::: DATA FOR THIS EXERCISE
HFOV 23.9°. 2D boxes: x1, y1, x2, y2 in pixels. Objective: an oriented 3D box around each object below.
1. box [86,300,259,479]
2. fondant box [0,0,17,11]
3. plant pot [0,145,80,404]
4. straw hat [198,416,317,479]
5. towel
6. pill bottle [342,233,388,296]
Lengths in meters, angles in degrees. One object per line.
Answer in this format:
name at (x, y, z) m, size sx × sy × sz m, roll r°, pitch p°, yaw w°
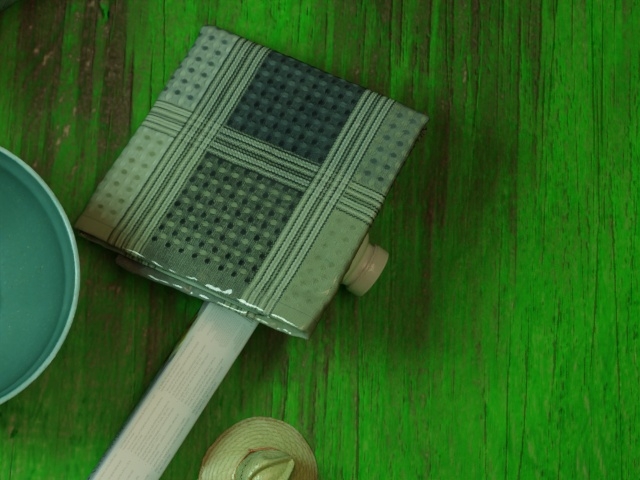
::::::
**TASK BRIEF:** Wherever a line holds the word "object", copy that line out of the entries above.

**RESPONSE AREA:**
HFOV 23.9°. 2D boxes: x1, y1, x2, y2 in pixels. Objective: an oriented 3D box around each object below.
Lengths in meters, angles in degrees. One object per line.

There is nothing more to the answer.